Hof 's-Gravenhage, 31-03-2011, nr. 22-000218-10
ECLI:NL:GHSGR:2011:BP9706
- Instantie
Hof 's-Gravenhage
- Datum
31-03-2011
- Zaaknummer
22-000218-10
- LJN
BP9706
- Vakgebied(en)
Strafrecht algemeen (V)
- Brondocumenten en formele relaties
ECLI:NL:GHSGR:2011:BP9706, Uitspraak, Hof 's-Gravenhage, 31‑03‑2011; (Hoger beroep)

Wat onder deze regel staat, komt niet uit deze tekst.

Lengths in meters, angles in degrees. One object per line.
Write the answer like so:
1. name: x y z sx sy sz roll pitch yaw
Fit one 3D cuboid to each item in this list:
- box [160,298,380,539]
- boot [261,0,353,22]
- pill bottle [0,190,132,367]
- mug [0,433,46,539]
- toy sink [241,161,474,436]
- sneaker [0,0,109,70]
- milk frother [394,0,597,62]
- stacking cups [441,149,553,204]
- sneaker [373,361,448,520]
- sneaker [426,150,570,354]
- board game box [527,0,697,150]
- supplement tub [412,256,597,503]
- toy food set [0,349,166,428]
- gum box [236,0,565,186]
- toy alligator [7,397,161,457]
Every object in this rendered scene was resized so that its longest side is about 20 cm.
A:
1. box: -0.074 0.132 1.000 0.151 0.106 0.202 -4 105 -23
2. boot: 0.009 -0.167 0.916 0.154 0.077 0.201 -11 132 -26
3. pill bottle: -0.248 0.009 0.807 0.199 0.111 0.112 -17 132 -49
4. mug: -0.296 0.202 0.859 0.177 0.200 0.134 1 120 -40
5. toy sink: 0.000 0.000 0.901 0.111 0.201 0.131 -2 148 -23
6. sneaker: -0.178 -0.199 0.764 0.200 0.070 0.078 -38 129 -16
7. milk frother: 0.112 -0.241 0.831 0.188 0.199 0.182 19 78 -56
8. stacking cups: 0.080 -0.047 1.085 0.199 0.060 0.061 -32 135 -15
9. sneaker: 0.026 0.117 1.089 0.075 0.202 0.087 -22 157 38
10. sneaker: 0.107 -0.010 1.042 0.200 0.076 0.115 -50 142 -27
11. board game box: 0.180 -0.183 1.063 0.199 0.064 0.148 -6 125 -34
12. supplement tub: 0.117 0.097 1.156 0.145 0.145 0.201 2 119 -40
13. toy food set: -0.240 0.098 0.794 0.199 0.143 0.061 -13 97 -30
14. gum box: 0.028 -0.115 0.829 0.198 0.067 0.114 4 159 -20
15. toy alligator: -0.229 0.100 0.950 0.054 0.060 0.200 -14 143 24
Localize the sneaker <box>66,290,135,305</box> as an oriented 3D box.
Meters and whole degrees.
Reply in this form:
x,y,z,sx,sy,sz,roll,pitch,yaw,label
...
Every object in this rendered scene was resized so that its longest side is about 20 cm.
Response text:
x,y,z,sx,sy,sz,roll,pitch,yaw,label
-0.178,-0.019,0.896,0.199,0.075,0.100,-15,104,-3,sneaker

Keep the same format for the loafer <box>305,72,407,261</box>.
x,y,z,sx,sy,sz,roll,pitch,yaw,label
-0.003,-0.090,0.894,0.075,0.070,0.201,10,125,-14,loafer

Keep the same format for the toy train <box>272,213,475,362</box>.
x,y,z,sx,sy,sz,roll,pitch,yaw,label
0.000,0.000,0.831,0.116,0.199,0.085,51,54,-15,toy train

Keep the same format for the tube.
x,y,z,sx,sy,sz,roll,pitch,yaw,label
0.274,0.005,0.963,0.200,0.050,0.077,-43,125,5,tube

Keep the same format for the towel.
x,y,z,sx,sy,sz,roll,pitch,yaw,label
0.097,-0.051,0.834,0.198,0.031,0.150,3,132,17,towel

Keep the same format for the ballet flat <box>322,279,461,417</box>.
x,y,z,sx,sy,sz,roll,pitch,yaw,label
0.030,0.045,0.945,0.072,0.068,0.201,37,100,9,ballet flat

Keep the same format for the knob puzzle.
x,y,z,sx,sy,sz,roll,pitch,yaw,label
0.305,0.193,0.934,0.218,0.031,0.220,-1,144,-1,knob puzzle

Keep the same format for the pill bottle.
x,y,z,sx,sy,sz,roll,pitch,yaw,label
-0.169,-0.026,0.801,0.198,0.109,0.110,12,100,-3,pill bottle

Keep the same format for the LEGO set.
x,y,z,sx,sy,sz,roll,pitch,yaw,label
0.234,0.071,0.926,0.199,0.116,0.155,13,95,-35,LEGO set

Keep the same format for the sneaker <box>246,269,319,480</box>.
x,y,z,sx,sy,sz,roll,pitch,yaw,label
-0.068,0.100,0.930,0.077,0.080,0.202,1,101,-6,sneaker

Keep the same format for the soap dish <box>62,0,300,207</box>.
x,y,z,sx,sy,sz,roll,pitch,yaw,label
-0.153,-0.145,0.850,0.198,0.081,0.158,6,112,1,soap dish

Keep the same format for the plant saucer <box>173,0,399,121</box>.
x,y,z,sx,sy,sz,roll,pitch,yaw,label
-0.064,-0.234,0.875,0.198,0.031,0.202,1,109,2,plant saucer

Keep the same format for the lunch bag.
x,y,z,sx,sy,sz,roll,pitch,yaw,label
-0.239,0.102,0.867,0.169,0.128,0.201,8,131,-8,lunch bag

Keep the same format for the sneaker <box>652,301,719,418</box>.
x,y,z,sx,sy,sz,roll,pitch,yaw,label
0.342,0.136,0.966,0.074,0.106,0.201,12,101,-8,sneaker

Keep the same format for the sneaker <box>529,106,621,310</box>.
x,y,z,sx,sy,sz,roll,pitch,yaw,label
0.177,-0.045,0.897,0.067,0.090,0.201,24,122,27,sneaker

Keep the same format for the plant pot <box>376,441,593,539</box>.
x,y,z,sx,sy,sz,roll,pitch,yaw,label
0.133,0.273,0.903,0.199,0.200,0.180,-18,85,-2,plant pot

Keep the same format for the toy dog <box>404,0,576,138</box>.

Cassatie: ECLI:NL:HR:2013:BZ5953, Bekrachtiging/bevestiging
Conclusie in cassatie: ECLI:NL:PHR:2013:BZ5953
Uitspraak 31‑03‑2011
Inhoudsindicatie
Vrijspraak van artikel 6 en 5 WVW94 (feit 1) De verdachte verweten schuld als bedoeld in artikel 6 Wegenverkeerswet dan wel gevaarzetting als bedoeld in artikel 5 Wegenverkeerswet zoals dit onder 1 is tenlastegelegd is tijdens het onderzoek ter terechtzitting niet naar voren gekomen. Hetgeen door de advocaat-generaal ter zitting ter zake is aangedragen, heeft het hof niet kunnen overtuigen met name nu dit meer is gebaseerd op aannamen of op waarschijnlijkheden dan op aantoonbare feiten en omstandigheden. Het hof komt dan ook tot de slotsom dat uit het onderzoek ter terechtzitting geen voldoende wettig en overtuigend bewijs naar voren is gekomen voor bewezenverklaring van het onder 1 tenlastegelegde. Bewezenverklaring van het onder 2 subsidiair, 3 en 4 tenlastegelegde De verdachte was als bestuurder van een personenauto, met die personenauto, zonder enig geldig rijbewijs rijdend op een voor het openbaar verkeer openstaande weg, betrokken bij een verkeersongeval met voetgangers, en heeft, terwijl hij redelijkerwijs moest vermoeden dat bij dat ongeval aan de slachtoffers letsel was toegebracht, de plaats van het ongeval verlaten. Bij een andere gelegenheid heeft de verdachte eveneens de plaats van een ongeval verlaten, terwijl hij redelijkerwijs moest vermoeden dat door hem schade was toegebracht aan een ander.
Partij(en)
Rolnummer: 22-000218-10
Parketnummer: 10-821513-05
Datum uitspraak: 31 maart 2011
TEGENSPRAAK
Gerechtshof te 's-Gravenhage
meervoudige kamer voor strafzaken
Arrest
gewezen op het hoger beroep tegen het vonnis van de rechtbank Rotterdam van 21 maart 2006 in de strafzaak tegen de verdachte:
[verdachte],
geboren te [plaats] (Suriname) op [dag] 1977,
niet ingeschreven in de gemeentelijke basisadministratie, doch feitelijk verblijvende op het adres: [adres].
Onderzoek van de zaak
Dit arrest is gewezen naar aanleiding van het onderzoek op de terechtzitting in eerste aanleg en het onderzoek op de terechtzittingen in hoger beroep van dit hof van 22 juli 2010 en 17 maart 2011.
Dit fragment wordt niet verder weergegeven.